Mon, Jul 23, 2018

Prediabetes symptoms

Prediabetes is a condition or stage that marks the onset of full-blown diabetes. It’s the stage where one needs to pay particular attention to as it determines whether one will eventually have diabetes or not. More than 41 million Americans within the age range of 40 to 74 are diagnosed with prediabetes. This number is on the high side, and you might also have prediabetes which you might not know about till you get tested. Prediabetes is an early diabetics stage, but it could be reversed from developing into type 2 diabetes.

Some people refer to prediabetes as impaired fasting glucose or glucose tolerance. The name it’s called depends on the test carried out to arrive at the diagnosis.

The diagnostic test for prediabetes reveals that the blood sugar levels are slightly above normal level, but not in the standard for it to be termed diabetes.
Prediabetic patients have a high chance of developing diabetes.

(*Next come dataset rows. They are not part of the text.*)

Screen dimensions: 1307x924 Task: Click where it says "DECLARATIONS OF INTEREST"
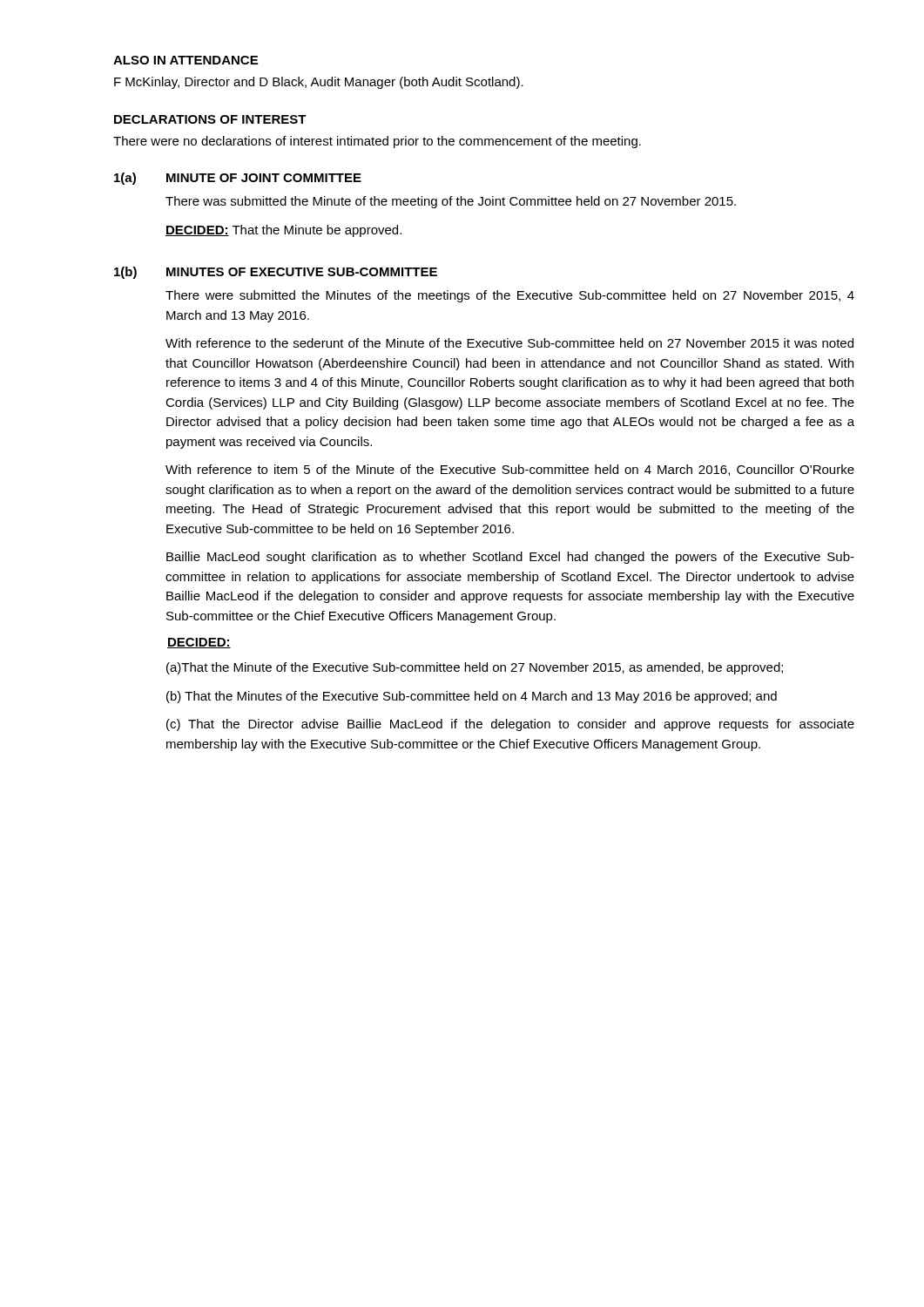coord(210,118)
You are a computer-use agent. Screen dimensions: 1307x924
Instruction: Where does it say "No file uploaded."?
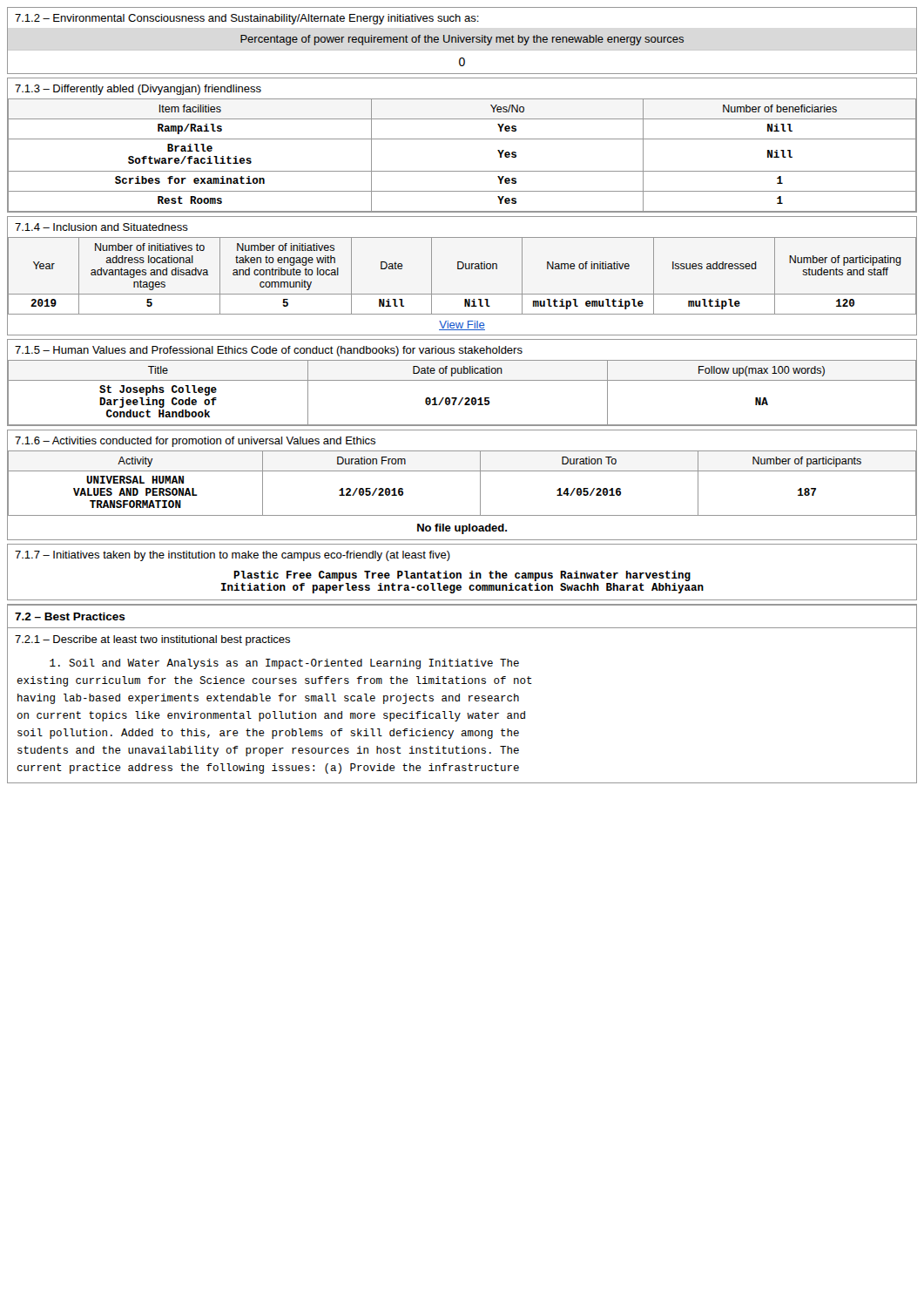[x=462, y=528]
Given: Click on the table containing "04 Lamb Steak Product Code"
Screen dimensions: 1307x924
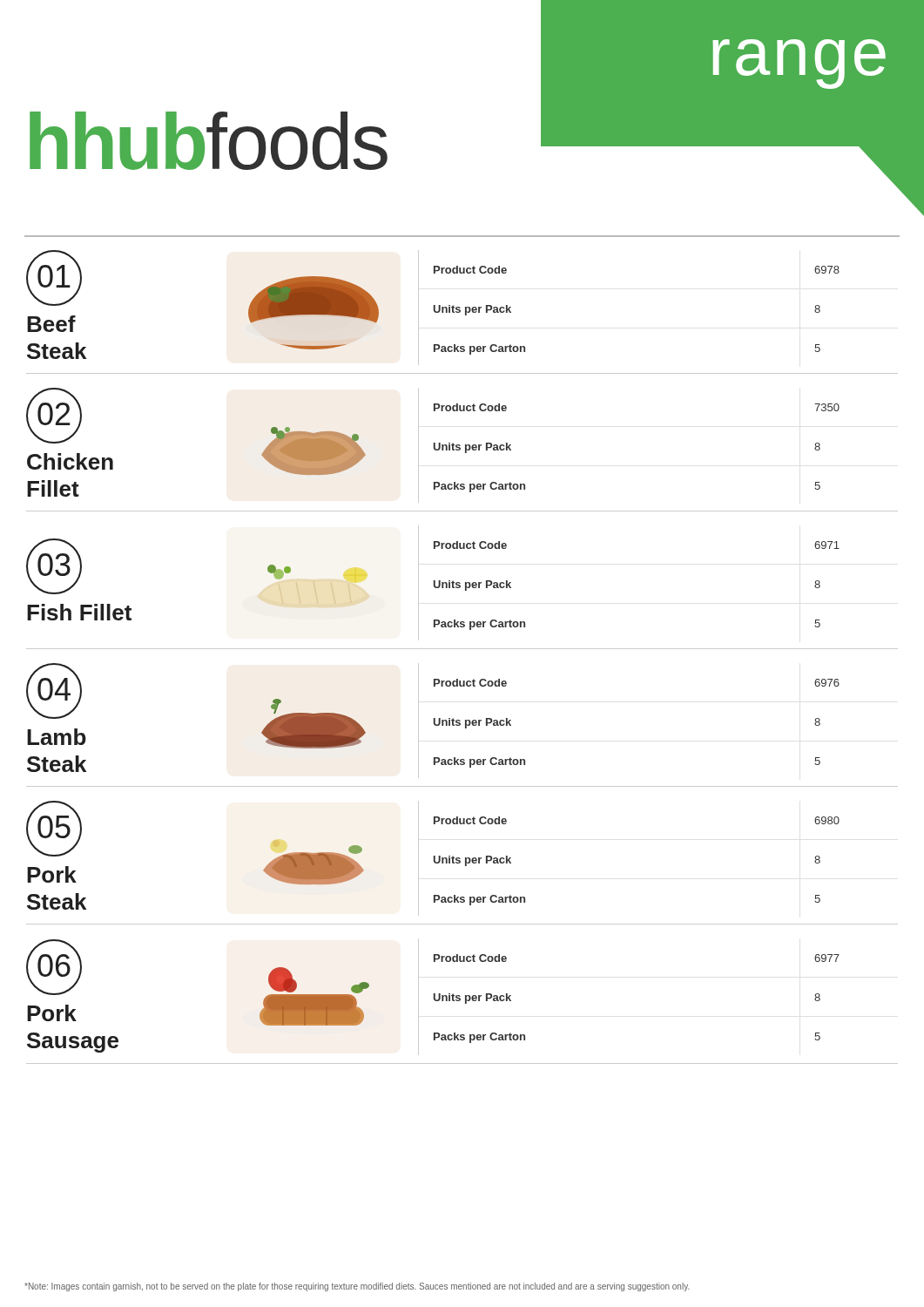Looking at the screenshot, I should coord(462,721).
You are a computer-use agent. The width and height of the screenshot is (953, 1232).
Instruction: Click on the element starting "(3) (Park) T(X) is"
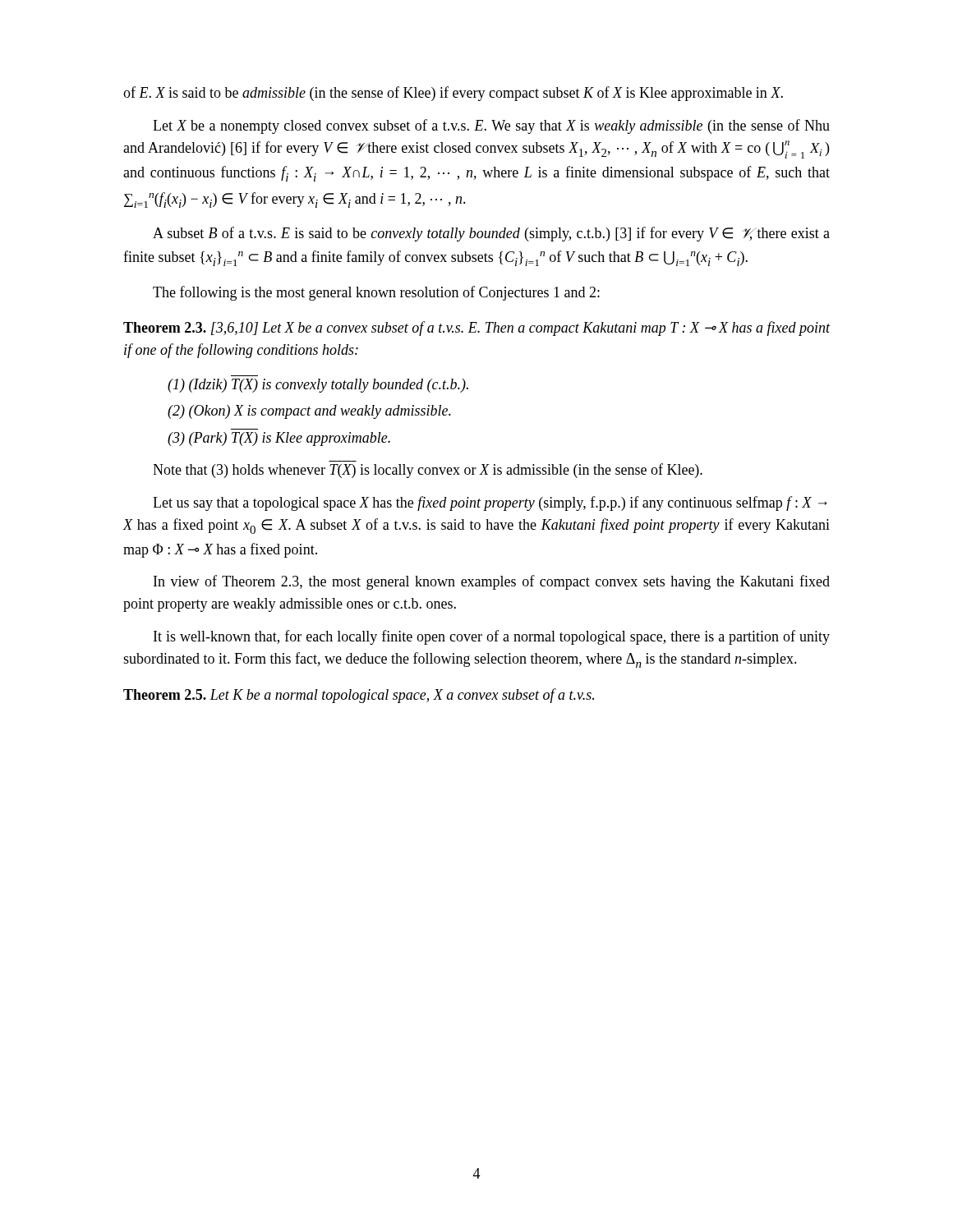[x=279, y=439]

Statistics also show that approximately 11% of those diagnosed with prediabetes went on to develop type II diabetes each year. It’s also important to note that those with prediabetes mostly don’t have symptoms of diabetes. This is the reason why one needs to visit a hospital regularly to get tested for prediabetes symptoms.

Testing for Pre Diabetes

Generally, there are about two or three tests used by doctors to diagnose prediabetes.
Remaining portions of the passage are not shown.